Keeping Web Miners Safe
Whether they call them canaries, monkeys, or guinea pigs, more security companies are using virtual PCs to protect users.
Miners learned to love the humble canary. After a mine fire or explosion, miners would descend with the birds to possibly dangerous areas. The canaries’ high metabolism made them the first succumb if significant amounts of carbon monodixe or methane were present, thus giving miners warning of unsafe areas so they could escape alive.
Security companies are now applying the same theory into the online world.
Using thousands of virtual Pcs, systems whose processors, memory, and hard drives are all emulated in software, McAfee’s SiteAdvisor, Mircosoft’s research arm, and other groups have automated the process of going into the unsafe areas of the Web. If a site hosting malicious code compromises one of the virtual PCs, the site’s address is recorded for further investigation, the virtual machine is erased, and a new virtual machine is set up in its place. Pretty neat stuff eh?
Some security companies refer to the virutal PCs as canaries or guinea pigs, or by the technical term, client-side honeypots. Microsoft calls them honeymonkeys in reference to the million-monkeys theorem. The theorem says that a million monkeys typing random characters on a million typewriters for an infinite period of time can evenutally produce the complete works of William Shakespeare…lol
Though it’s unlikely that a million monkeys could every write a Shakespares’ play, they most certainly could help to secure the Web. Today, tens of thousands of virtual machines are crawling the Internet, clicking on untrusted links, getting compromised, being deleted, and the doing it all over again. How cool is that?

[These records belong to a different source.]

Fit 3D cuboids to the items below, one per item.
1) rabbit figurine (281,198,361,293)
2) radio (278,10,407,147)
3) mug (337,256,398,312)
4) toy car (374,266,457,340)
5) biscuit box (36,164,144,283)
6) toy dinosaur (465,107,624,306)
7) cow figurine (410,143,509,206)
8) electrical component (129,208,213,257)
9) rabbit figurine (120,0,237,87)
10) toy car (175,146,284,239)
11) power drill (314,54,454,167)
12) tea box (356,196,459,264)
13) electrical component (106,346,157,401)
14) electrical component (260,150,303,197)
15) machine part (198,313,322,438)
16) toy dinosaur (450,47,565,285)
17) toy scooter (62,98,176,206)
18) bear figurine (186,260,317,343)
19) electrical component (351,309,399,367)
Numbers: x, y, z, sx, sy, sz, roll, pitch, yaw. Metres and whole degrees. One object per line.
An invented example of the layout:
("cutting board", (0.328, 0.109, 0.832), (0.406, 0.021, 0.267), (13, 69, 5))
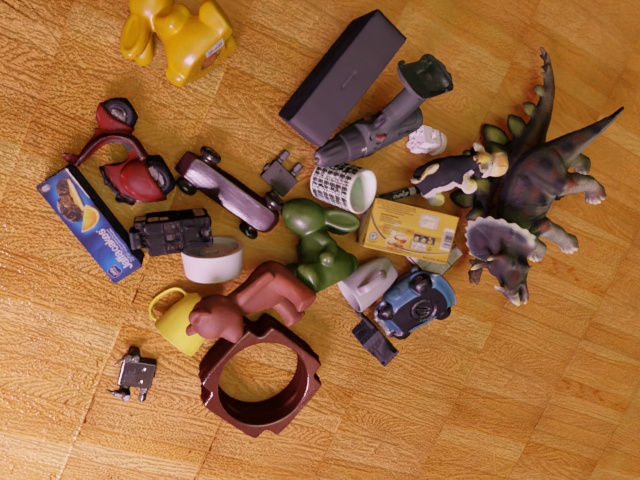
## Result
("rabbit figurine", (-0.002, -0.003, 0.986), (0.159, 0.121, 0.170), (-23, 95, -12))
("radio", (0.031, -0.271, 0.912), (0.073, 0.131, 0.229), (39, 91, -22))
("mug", (0.098, 0.076, 1.042), (0.107, 0.109, 0.081), (-35, 86, -15))
("toy car", (0.182, 0.117, 1.074), (0.162, 0.103, 0.109), (-35, 116, 11))
("biscuit box", (-0.377, -0.026, 0.897), (0.059, 0.063, 0.202), (-34, 110, -4))
("toy dinosaur", (0.393, -0.084, 0.970), (0.192, 0.131, 0.404), (21, 91, -21))
("cow figurine", (0.253, -0.129, 0.980), (0.167, 0.068, 0.098), (-23, 151, 24))
("electrical component", (-0.252, -0.015, 0.908), (0.134, 0.115, 0.058), (-8, 102, -14))
("rabbit figurine", (-0.237, -0.336, 0.845), (0.162, 0.122, 0.173), (-39, 97, 7))
("toy car", (-0.159, -0.084, 0.948), (0.202, 0.053, 0.089), (35, 109, -17))
("power drill", (0.114, -0.208, 0.905), (0.232, 0.207, 0.086), (-26, 75, -34))
("tea box", (0.164, -0.020, 1.018), (0.170, 0.068, 0.098), (14, 96, -10))
("electrical component", (-0.344, 0.249, 0.989), (0.078, 0.045, 0.102), (20, 98, -18))
("electrical component", (-0.077, -0.115, 0.981), (0.063, 0.021, 0.094), (42, 92, -21))
("machine part", (-0.116, 0.258, 1.036), (0.201, 0.087, 0.201), (41, 89, -22))
("toy dinosaur", (0.385, -0.133, 1.068), (0.198, 0.105, 0.471), (23, 92, -17))
("toy scooter", (-0.332, -0.127, 0.877), (0.135, 0.075, 0.183), (-30, 107, -7))
("bear figurine", (-0.123, 0.122, 0.917), (0.132, 0.120, 0.196), (46, 56, 10))
("electrical component", (0.100, 0.193, 1.086), (0.048, 0.075, 0.119), (-45, 116, -1))

Various Companies are pursuing different plans for the technology. Mircosoft uses its honeymonkey system to research threats to Windows and map out the links connecting to malicious Web sites - a part of the Internet that its researchers refer to as the ExploitNet. McAfee’s SiteAdvisor ues the resulting database of bad sites as one component of its Web site ratings, accessible through free plug-ins for Internet Explorer and Firefox.
Easy, cheap virtualisation software is the key to the technology. Mircosoft and SiteAdvisor both run thousands of virtual PCs with management servers capable of cataloging sites. The virtual PC, which almost always runs Mircosoft Windows, appears to malicious software to be a normal, albeit vanilla, PC. The latest Trojan horses, spyware, and the Web viruses infect the virtual system without detecting that it is really a sterile environment that will quickly be deleted. How sweet is that.
Yet the attackers are adapting to security methods such as virtual PCs. Some are working on ways to detect virtual machines by creating software for exactly that purpose; if a virtual machine is detected, they avoid infecting that system in order to delay exposure. Other attackers are identifying major Web sites that have a type of flaw known as cross-site scripting. This essentially allows an attacker to load malicious code on a victim’s machine from another Web site while the user believes he/she is still browsing safely on the orginal trusted Web site.
Despite the arms race that continues between attackers and defenders, virtual PCs promise to automate the patrol of the Web for malicious Web sites. In the end, we may come to appreciate the automated monkeys of the Web as much as miners appreciated the canary.